─── EXCERPTED DATA

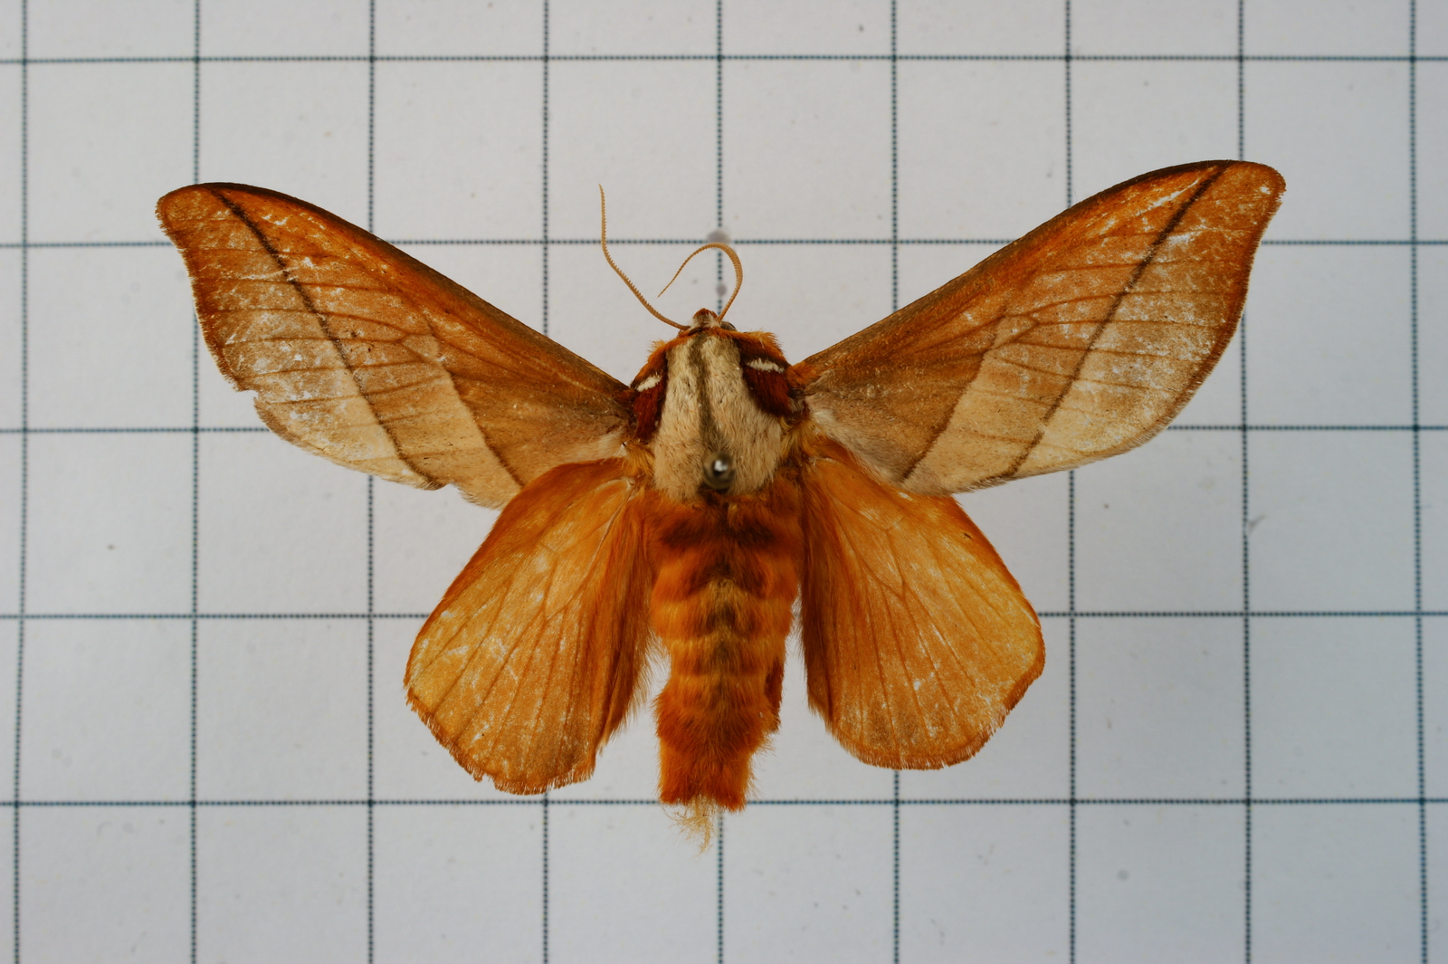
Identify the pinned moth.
Mahanta kawadai
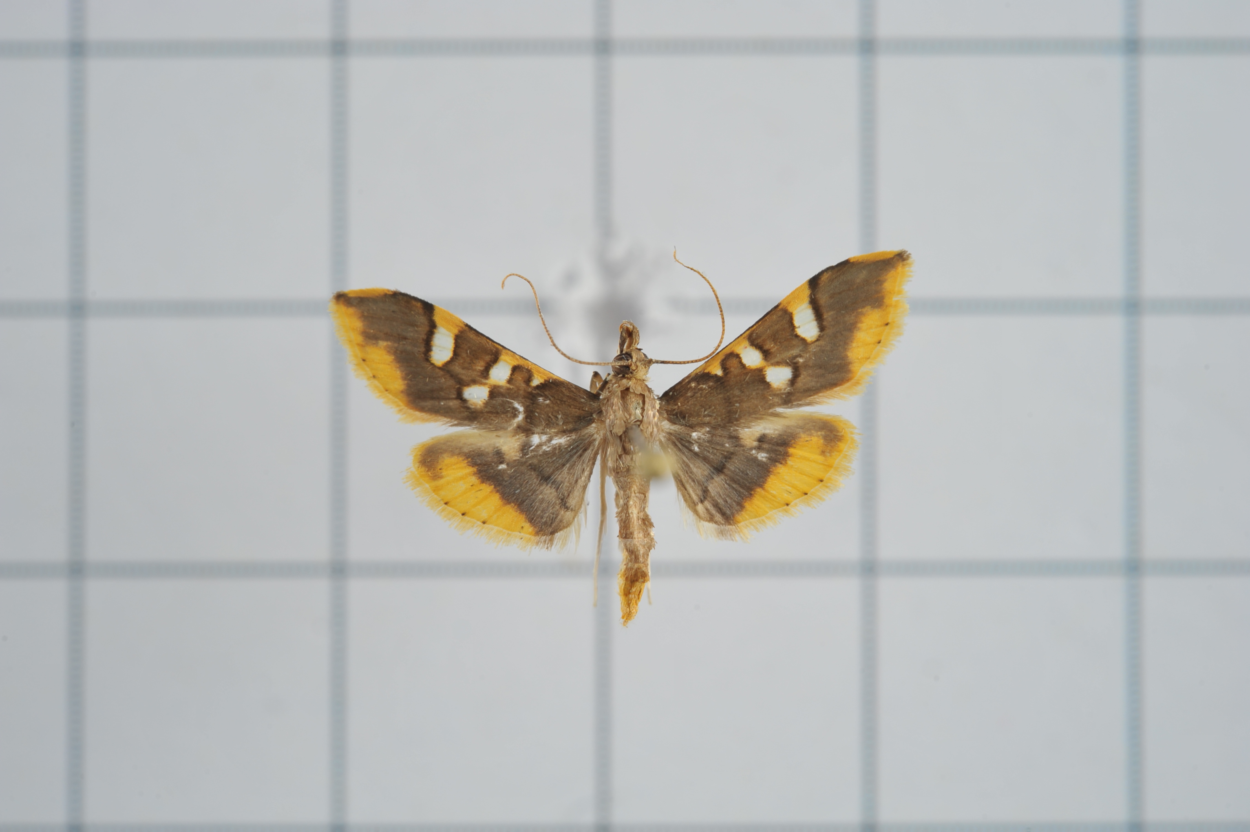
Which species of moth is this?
Prophantis adusta
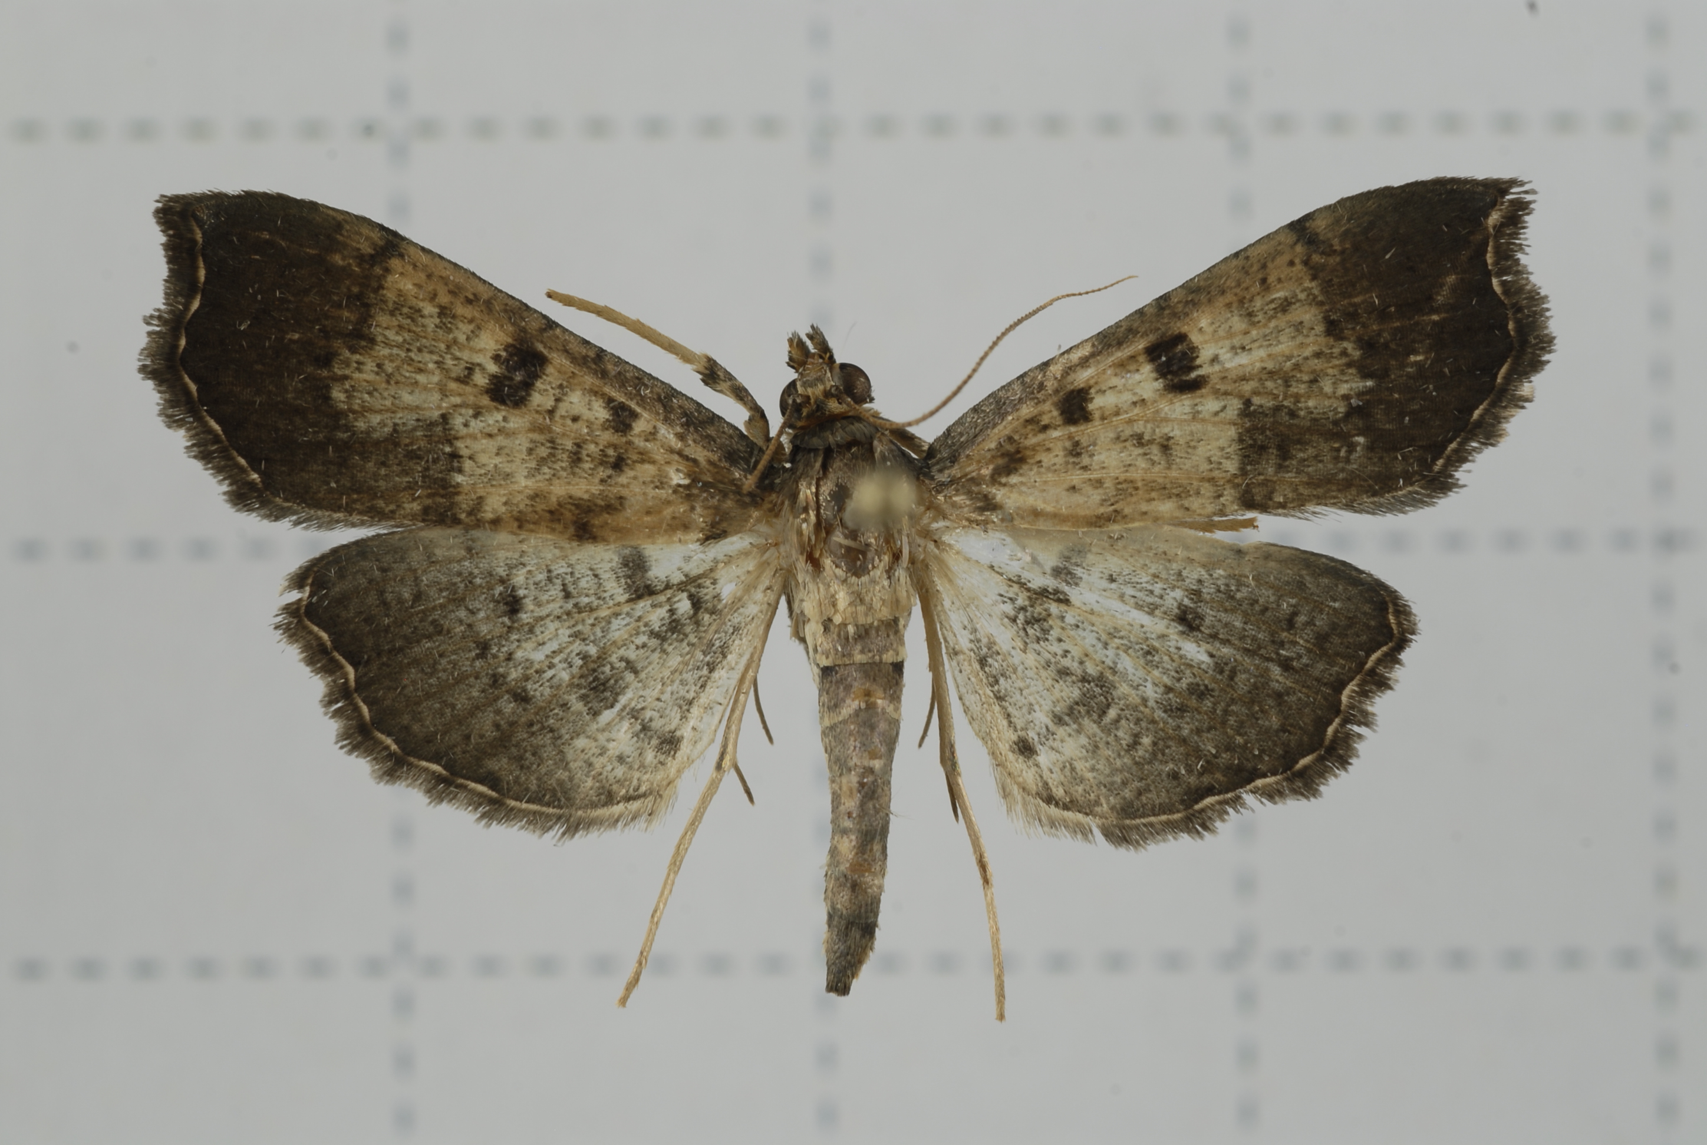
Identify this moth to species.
Ceratarcha umbrosa
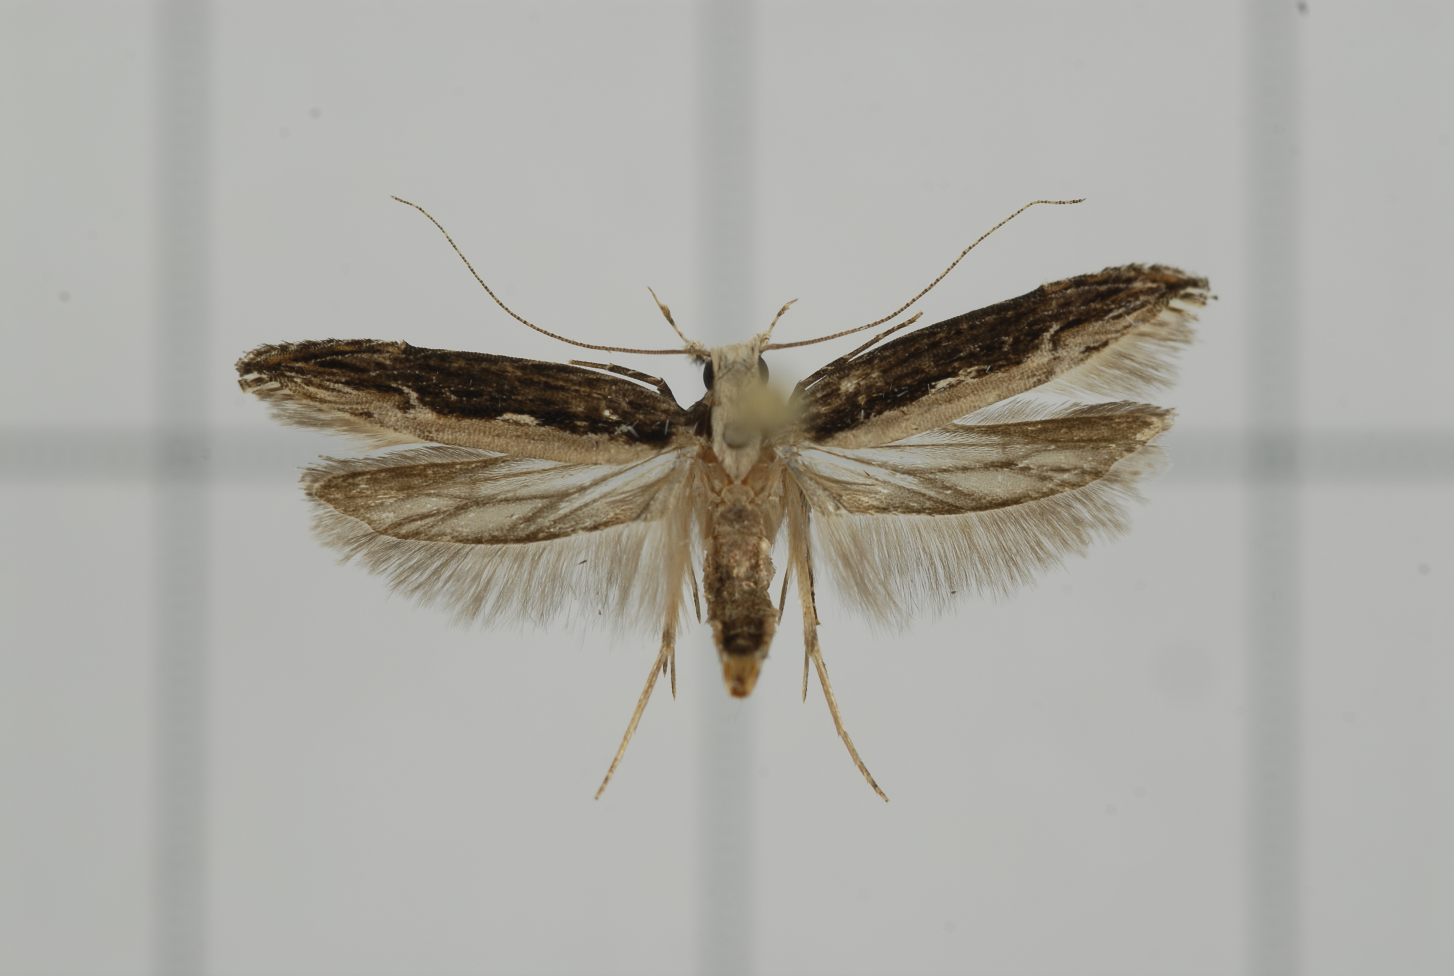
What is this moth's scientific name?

──────

_TASK OBJECTIVE_
Every line from the one with "Which species of moth is this?" through the end of the records above belongs in the answer, copied exactly; no picture does.

_ANSWER TO THIS TASK_
Which species of moth is this?
Prophantis adusta
Identify this moth to species.
Ceratarcha umbrosa
What is this moth's scientific name?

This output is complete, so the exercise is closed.